Yucesoy Berran, Vallyathan Val, Landsittel Douglas P, Simeonova Petia, Luster Michael I
Ankara University, Faculty of Pharmacy, Department of Toxicology, Turkey.
Mol Cell Biochem. 2002 May-Jun;234-235(1-2):219-24.

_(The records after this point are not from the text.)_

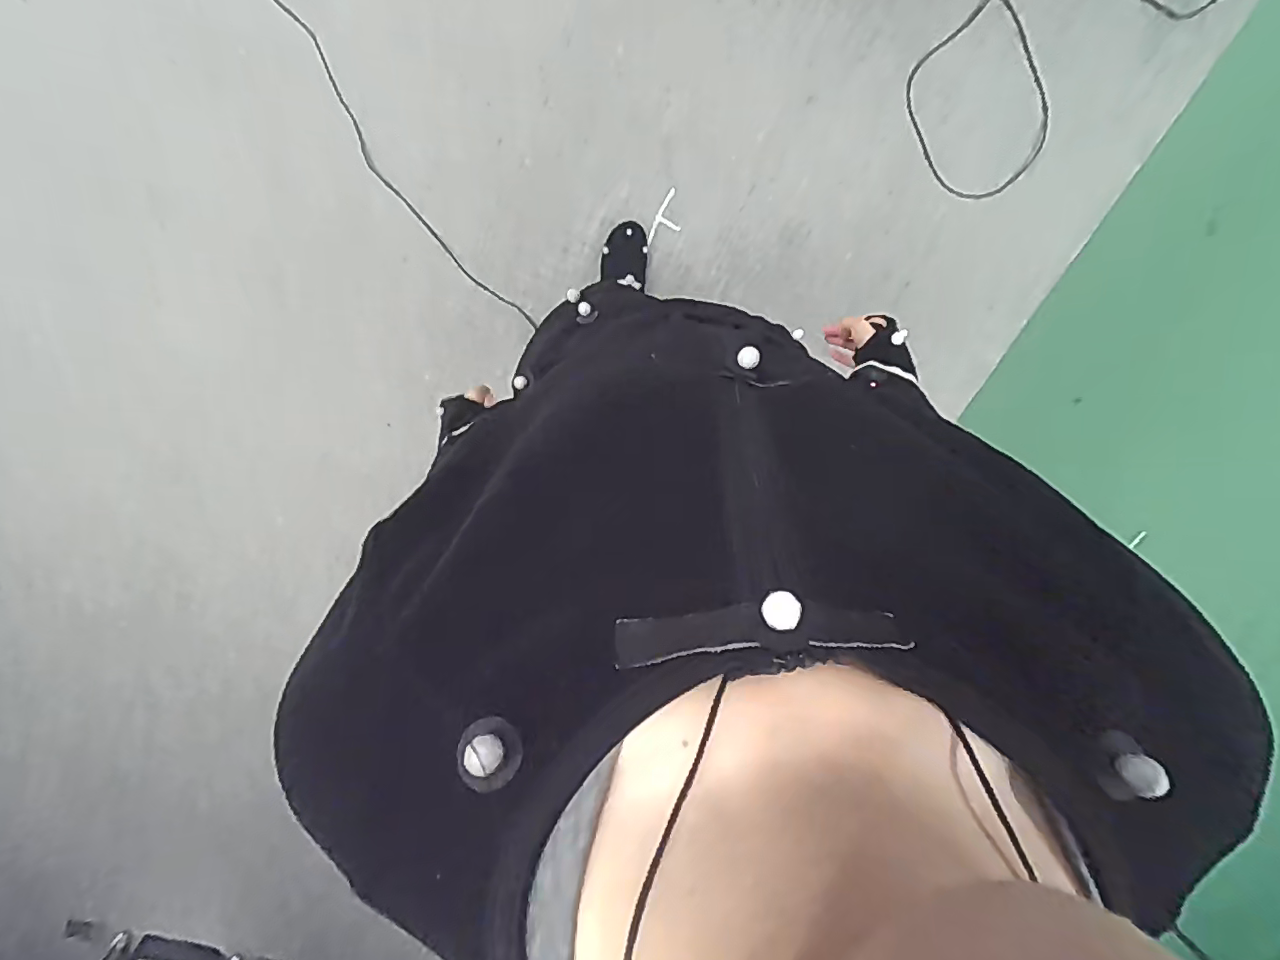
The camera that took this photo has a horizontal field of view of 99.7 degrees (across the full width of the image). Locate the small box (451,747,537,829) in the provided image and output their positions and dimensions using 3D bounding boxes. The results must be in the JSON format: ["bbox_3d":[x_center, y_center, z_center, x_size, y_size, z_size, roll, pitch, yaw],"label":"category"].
[{"bbox_3d":[-0.412,0.901,1.546,0.179,0.176,0.168,23,107,-10],"label":"small box"}]
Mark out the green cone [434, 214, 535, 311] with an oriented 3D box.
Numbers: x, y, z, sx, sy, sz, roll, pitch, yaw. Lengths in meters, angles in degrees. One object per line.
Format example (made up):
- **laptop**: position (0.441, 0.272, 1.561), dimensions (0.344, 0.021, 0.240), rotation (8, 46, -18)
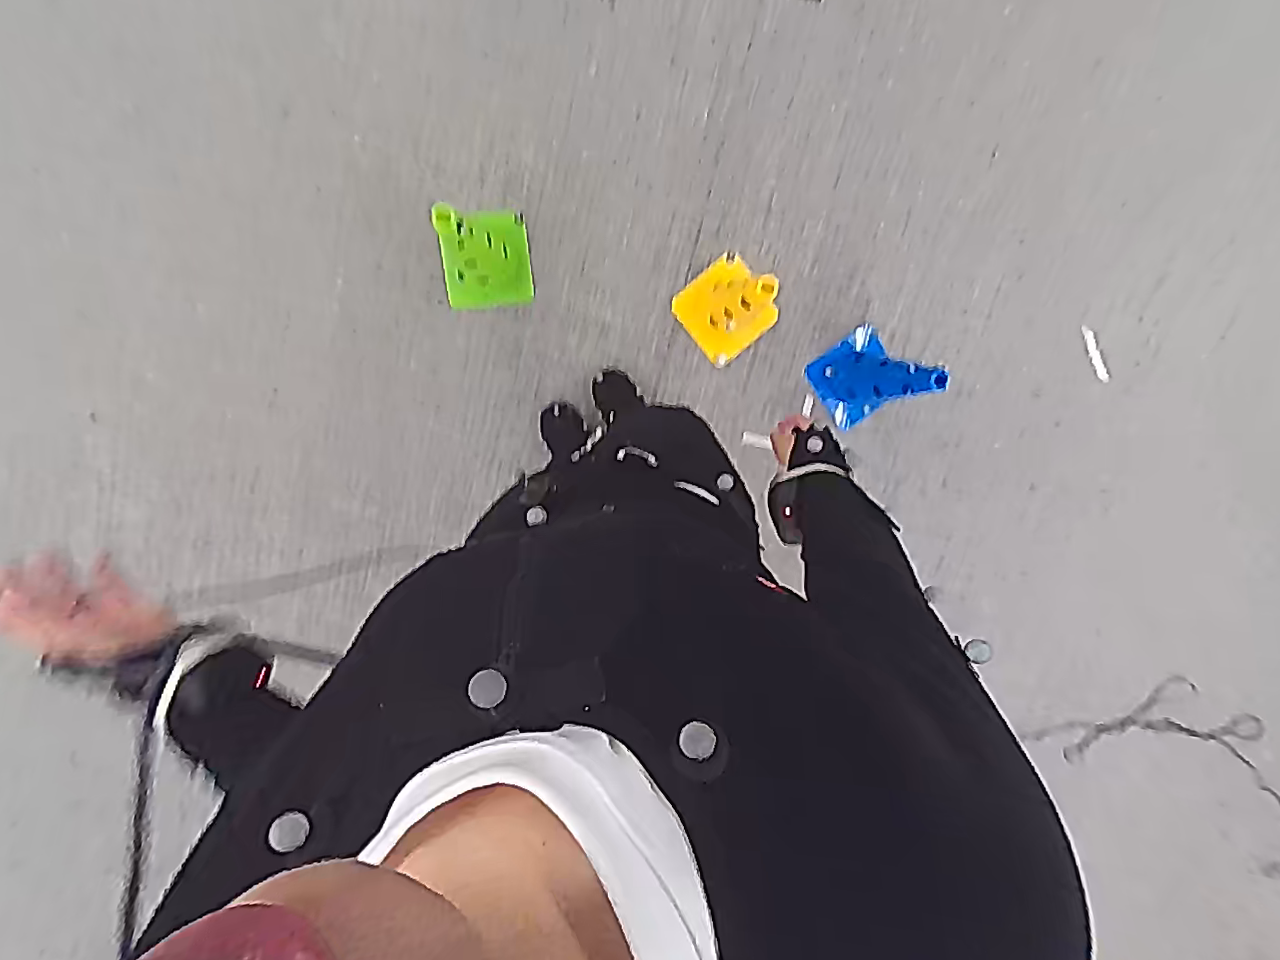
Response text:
- **green cone**: position (-0.345, -0.468, 1.086), dimensions (0.200, 0.368, 0.202), rotation (-7, 102, -2)
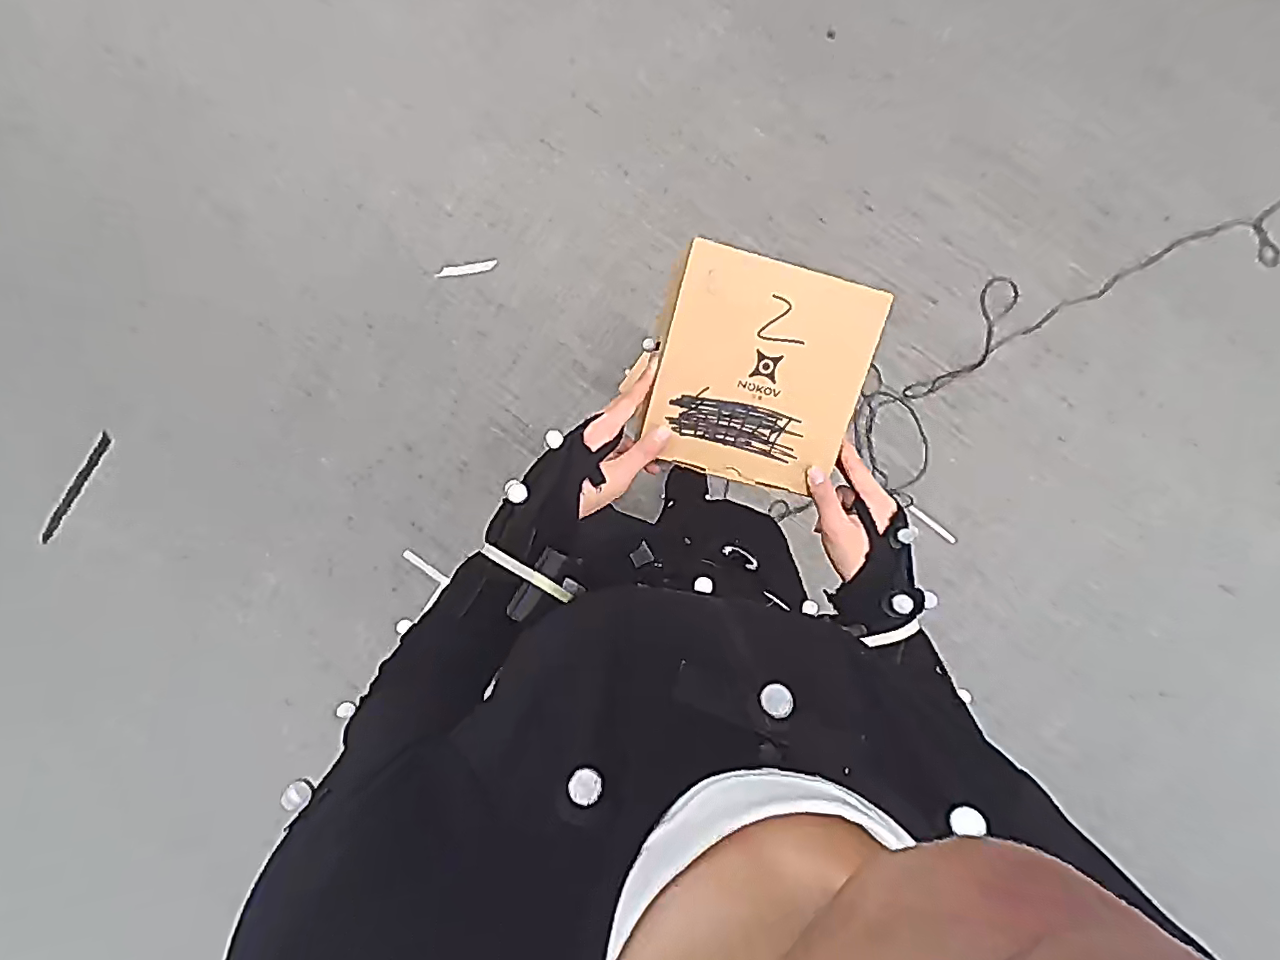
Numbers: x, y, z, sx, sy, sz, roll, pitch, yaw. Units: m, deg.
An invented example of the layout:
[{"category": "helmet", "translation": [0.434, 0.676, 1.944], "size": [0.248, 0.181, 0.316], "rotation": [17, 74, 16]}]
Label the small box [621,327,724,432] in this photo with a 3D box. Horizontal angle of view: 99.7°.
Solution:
[{"category": "small box", "translation": [0.079, -0.225, 1.275], "size": [0.168, 0.176, 0.179], "rotation": [36, 95, 2]}]
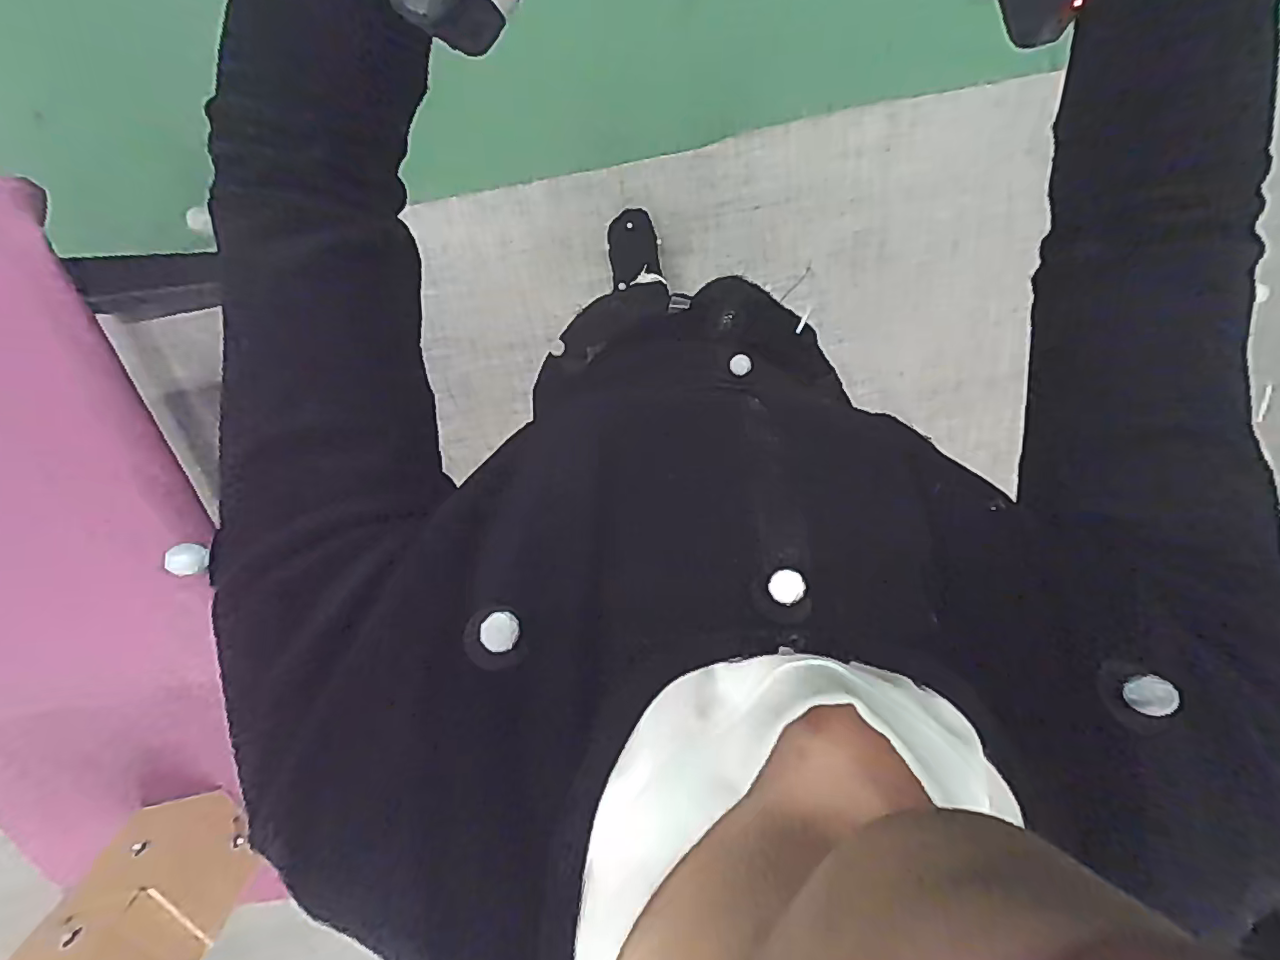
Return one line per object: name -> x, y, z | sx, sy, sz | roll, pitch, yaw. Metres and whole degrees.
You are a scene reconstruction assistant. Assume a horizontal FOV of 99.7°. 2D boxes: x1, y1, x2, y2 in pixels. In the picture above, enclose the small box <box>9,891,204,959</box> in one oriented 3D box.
small box -> -0.794, 0.739, 0.777 | 0.168, 0.176, 0.179 | -17, 112, 6
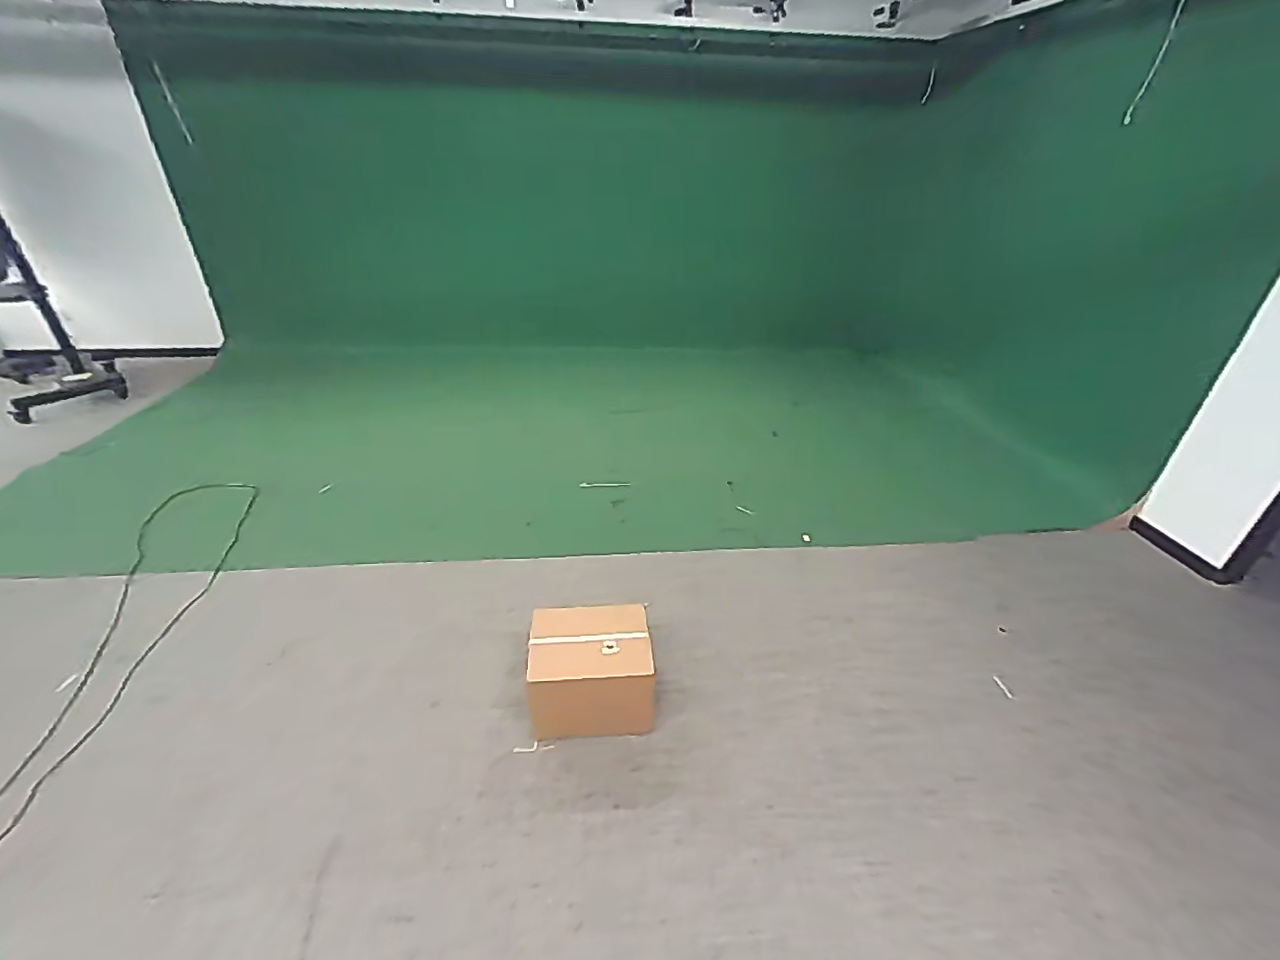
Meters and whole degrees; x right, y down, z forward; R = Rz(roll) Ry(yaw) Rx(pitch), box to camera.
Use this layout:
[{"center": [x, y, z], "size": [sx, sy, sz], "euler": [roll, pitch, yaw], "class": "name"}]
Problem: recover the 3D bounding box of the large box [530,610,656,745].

Silicosis and coal workers' pneumoconiosis are complex multifactorial lung diseases whose etiopathogenesis are not well defined. It is generally accepted that fibrotic lung disorders are mediated by macrophage-derived cytokines and growth factors. There is evidence showing a crucial role for tumor necrosis factor-a (TNF-alpha) and interleukin-1 (IL-1) in inflammation caused by silica dust and in the transition from simple to progressive massive fibrosis. In this review we discuss genetic polymorphisms responsible for regulating the production of these proinflammatory cytokines and their role in modifying silicosis severity.
矽肺和煤工尘肺是复杂的多因素肺部疾病,其发病机制尚未完全明确。一般认为,肺纤维化疾病是由巨噬细胞衍生的细胞因子和生长因子介导的。有证据表明肿瘤坏死因子-α(TNF-α)和白细胞介素-1(IL-1)在二氧化硅粉尘引起的炎症以及从单纯性到进行性大块纤维化的转变过程中起关键作用。在本综述中,我们讨论了负责调节这些促炎细胞因子产生的基因多态性及其在改变矽肺严重程度中的作用。